My photo
ALBERT B. CASUGA, a Philippine-born writer, lives in Mississauga, Ontario, Canada, where he continues to write poetry, fiction, and criticism after his retirement from teaching and serving as an elected member of his region's school board. He was nominated to the Mississauga Arts Council Literary Awards in 2007. A graduate of the Royal and Pontifical University of St. Thomas (now University of Santo Tomas, Manila. Literature and English, magna cum laude), he taught English and Literature (Criticism, Theory, and Creative Writing) at the Philippines' De La Salle University and San Beda College. He has authored books of poetry, short stories, literary theory and criticism. He has won awards for his works in Canada, the U.S.A., and the Philippines. His latest work, A Theory of Echoes and Other Poems was published February 2009 by the University of Santo Tomas Publishing House. His fiction and poetry were published by online literary journals Asia Writes and Coastal Poems recently. He was a Fellow at the 1972 Silliman University Writers Workshop, Philippines. As a journalist, he worked with the United Press International and wrote an art column for the defunct Philippines Herald.

Monday, January 4, 2016


MY POEM TODAY was prompted by my envy of an artist who can work under any pressure---the street artist. Not the graffiti artist. The one who works on a painting for under 20 minutes and sell it, too. Met one at the Strip in Las Vegas. We chatted while he painted furiously. I bought his painting.

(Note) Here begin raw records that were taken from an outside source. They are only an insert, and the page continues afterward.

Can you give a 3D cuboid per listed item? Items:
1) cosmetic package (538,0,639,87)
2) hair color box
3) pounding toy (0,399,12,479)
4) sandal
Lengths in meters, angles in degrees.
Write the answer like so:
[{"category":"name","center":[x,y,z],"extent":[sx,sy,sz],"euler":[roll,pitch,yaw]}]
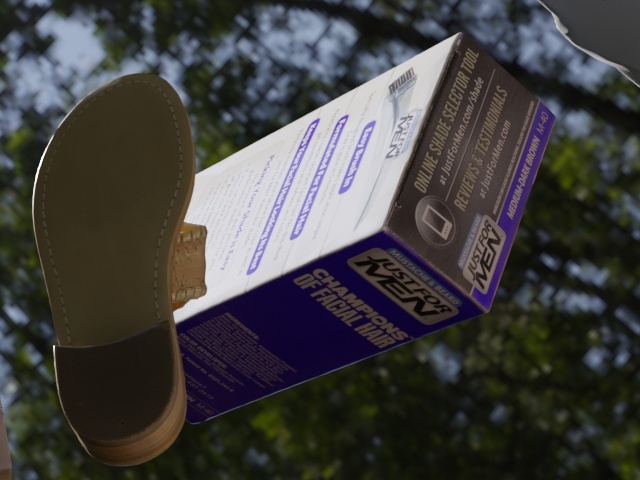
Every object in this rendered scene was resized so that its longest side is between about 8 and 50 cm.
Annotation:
[{"category":"cosmetic package","center":[0.190,-0.231,0.623],"extent":[0.217,0.156,0.385],"euler":[19,-97,-61]},{"category":"hair color box","center":[0.000,0.000,1.454],"extent":[0.110,0.339,0.185],"euler":[38,-127,-21]},{"category":"pounding toy","center":[-0.332,0.180,1.633],"extent":[0.141,0.130,0.100],"euler":[-3,-50,-15]},{"category":"sandal","center":[-0.099,0.026,1.044],"extent":[0.088,0.240,0.079],"euler":[-10,-40,6]}]

A graffiti artist? No, sir, I use spray cans not brushes. I paint. ---Las Vegas Street Artist

Is it any different, this splashing of colour
Behind a glass cage, from the wild abandon
Of defacing, disfiguring all walls and fences
That come between you and your pure anger
Cursing a dark and ugly hole you call home
In a jungle where tendrils are skyscrapers
And black trellises of filthy woven grid wires
Swollen like hissing, smugly snaking, serpents
Slithering swiftly after swallowing whores
Snagged and stoned inside gaols of penury,
A condition not of their making but of a city
Beyond repair, cursed, now beyond rebuke.
Where you would have been a midnight
Rogue spraying mangled rants of hate
On defenceless palace walls and mansions
Fenced off with forbiddingly harsh barricades
Of vulgar wealth and embarrassing splendor,
You chose a prison of art, a cage of glass,
Where you would rather spray raw beauty
On surfaces that scarcely know a raison d’etre
Of creating and spreading beauty now gone
where it ought to be, a quixotic task you share
With a craftsman in the sky who might just
Be smiling down on you in gleeful whimsy,
Because you, in utter smallness or madness,
Would rather shape beauty and be godlike.